Monthly Archives: June 2026

What we think we know

Book cover of What We Can Know by Ian McEwan, written over a collage with an old mirror showing blurred greenery surrounded by various gears, grass, and dried leaves.

What We Can Know by Ian McEwan

My rating: 5 of 5 stars


My opinion of Ian McEwan‘s novels has been all over the map. I loved Atonement, Saturday, and Machines like Me. On the other hand, I’ve found other novels of his, some of which were widely celebrated, cynical and misanthropic. What We Can Know, McEwan’s latest, is one of his best. It’s probably the one that comes closest to the magic he achieved with Atonement.

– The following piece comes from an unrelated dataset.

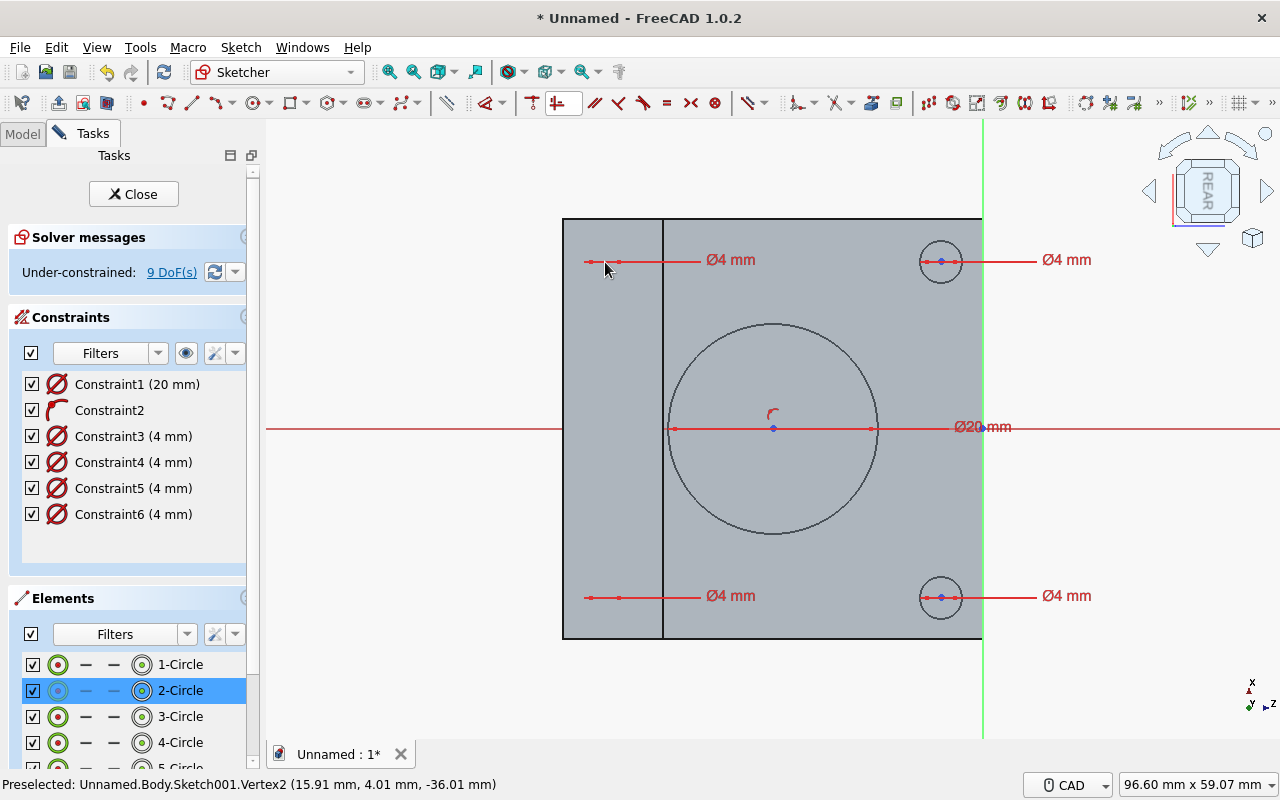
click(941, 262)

It’s best not to know much about this plot before beginning, so I won’t reveal much. The novel has a convoluted structure with many twists and surprises–at least one of which is carelessly revealed on the book jacket. I make it a practice not to read anything about a book before I’ve read the book itself, and was very glad to have done so this time. The general outline is that in the year 2119, humanities professor Thomas Metcalfe is doing research about a lost poem called “A Corona for Vivien” by the eminent poet Francis Blundy. Blundy read the poem aloud at a now-famous dinner party in 2014, but it was never published or seen since. The novel follows Metcalfe as he researches the poem and the people involved. He is obsessed, to the detriment of his own relationships, with this lost time before war and climate catastrophe upended civilization as we know it.

The sci-fi elements are presented breezily in passing, but they’re all too plausible. The focus of the novel is really nostalgia and obsession with the past. Metcalfe thinks he has an intimate knowledge of all the people in this drama because he reads their journals, their emails, and messages to each other. He is particularly stricken by Vivien, Francis’s dedicated, loving wife, who gave up her own academic career to support her husband’s work and live an idyllic life in their rural retreat. Through clever structural machinations, McEwan questions the stories we tell of the past and challenges us to confront why we sometimes do so little to prevent disasters we can readily foresee.

What We Can Know is a brilliant tour de force. It seamlessly melds the personal, the societal, and the philosophical. While McEwan’s writing can be dense, in this case, the first person voice is academic, so the writing is convincing rather than distracting. The mystery of the poem is captivating and the surprises unexpectedly complex. The result is a compelling, tightly-plotted novel that keeps you thinking all the way through and long afterward.